This does sound pretty lovely.


----------



## reddognoyz (Apr 19, 2018)

I looked for about 2 seconds and pulled the trigger!!


----------



## Batrawi (Apr 19, 2018)

I hope this means they are working on a new strings library


----------



## jamwerks (Apr 19, 2018)

Wow, this is the vocal library revolution I've been waiting for. This really is generations ahead of the others. 

Oceana did do for the first time iinm a kind of legato-melisma, but this is even more feature-filled. With this I would pretty much take all the great sounding 8Dio and SoundIron stuff out of my template (except that here we have only children voices). 

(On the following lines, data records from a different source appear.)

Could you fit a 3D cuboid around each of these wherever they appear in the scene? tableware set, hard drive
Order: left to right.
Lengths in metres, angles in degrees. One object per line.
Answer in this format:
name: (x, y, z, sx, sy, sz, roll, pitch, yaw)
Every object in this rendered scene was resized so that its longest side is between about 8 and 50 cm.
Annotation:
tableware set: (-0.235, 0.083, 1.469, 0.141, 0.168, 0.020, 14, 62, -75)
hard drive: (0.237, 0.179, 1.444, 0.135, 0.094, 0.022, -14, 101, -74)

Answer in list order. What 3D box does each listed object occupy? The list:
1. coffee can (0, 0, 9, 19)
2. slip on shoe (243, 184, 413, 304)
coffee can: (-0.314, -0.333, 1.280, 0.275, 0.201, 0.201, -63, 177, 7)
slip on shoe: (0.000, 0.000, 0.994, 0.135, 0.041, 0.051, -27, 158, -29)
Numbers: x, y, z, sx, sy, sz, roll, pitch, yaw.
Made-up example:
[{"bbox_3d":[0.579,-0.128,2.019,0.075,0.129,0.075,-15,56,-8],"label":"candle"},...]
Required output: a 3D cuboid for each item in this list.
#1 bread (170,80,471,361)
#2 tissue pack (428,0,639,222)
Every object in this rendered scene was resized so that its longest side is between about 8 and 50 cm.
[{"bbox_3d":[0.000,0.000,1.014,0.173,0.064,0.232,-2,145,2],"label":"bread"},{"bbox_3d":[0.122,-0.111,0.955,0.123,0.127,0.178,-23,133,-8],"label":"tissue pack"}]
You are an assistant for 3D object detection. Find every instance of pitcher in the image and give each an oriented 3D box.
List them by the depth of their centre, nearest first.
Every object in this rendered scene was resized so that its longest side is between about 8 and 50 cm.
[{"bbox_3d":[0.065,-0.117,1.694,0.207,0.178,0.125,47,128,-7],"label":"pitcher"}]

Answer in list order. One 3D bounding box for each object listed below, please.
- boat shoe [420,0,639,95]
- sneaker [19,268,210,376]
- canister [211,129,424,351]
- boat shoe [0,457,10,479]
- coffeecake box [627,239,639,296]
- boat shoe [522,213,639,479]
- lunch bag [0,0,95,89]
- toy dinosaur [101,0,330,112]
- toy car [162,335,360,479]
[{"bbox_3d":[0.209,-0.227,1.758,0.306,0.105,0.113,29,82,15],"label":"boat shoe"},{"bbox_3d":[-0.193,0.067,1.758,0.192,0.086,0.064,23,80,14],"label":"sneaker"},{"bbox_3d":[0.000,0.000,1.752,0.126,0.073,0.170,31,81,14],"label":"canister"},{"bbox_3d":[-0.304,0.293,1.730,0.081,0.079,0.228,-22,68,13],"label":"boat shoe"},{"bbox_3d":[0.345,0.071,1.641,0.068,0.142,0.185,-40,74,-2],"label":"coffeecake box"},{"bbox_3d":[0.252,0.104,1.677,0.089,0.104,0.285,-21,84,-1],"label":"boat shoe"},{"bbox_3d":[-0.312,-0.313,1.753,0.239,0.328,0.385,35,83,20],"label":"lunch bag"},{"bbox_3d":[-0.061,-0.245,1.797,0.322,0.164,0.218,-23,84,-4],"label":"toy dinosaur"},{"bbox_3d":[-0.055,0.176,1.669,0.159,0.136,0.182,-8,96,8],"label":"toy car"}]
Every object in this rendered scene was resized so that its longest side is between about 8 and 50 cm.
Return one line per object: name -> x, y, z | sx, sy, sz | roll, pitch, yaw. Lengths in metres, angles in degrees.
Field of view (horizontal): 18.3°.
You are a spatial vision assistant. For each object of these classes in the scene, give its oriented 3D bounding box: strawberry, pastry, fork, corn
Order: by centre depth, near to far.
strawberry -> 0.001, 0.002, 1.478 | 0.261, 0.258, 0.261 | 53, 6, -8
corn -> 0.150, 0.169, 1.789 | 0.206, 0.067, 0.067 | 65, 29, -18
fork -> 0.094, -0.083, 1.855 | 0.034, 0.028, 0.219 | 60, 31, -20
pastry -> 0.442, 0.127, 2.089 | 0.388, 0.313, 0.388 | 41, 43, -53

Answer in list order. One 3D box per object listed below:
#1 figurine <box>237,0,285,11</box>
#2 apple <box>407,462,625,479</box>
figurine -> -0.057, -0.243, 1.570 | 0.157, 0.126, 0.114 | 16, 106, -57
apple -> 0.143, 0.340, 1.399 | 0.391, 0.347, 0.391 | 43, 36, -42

He's obviously wrestled a lot with vocal libraries, and seems to have found all the answers. 5 stars!


----------



## reddognoyz (Apr 19, 2018)

pulled the trigger in a heartbeat


----------



## reddognoyz (Apr 19, 2018)

I got Voices of the Empire with composer cloud yesterday. It sounds lovely, but the Kontakt engine is light years ahead of Play. You can still do stunning things with VOE, and I understand it's a different paradigm for EastWest, they really focus on production over playback imho, but I think what's been achieved here really points out how far Play is behind Kontakt in terms of programability.


----------



## Epicheart (Apr 19, 2018)

Awesomeeeeee ! a pefect companion to my last purchases Ethera Evi & Empire !

Thanks !


----------



## Drundfunk (Apr 19, 2018)

Wow this sounds and looks amazing. I was thinking about purchasing the Strezov Arva choir eventually, but the current price tag on this is really amazing. Guess I'll starve......


----------



## lucky909091 (Apr 19, 2018)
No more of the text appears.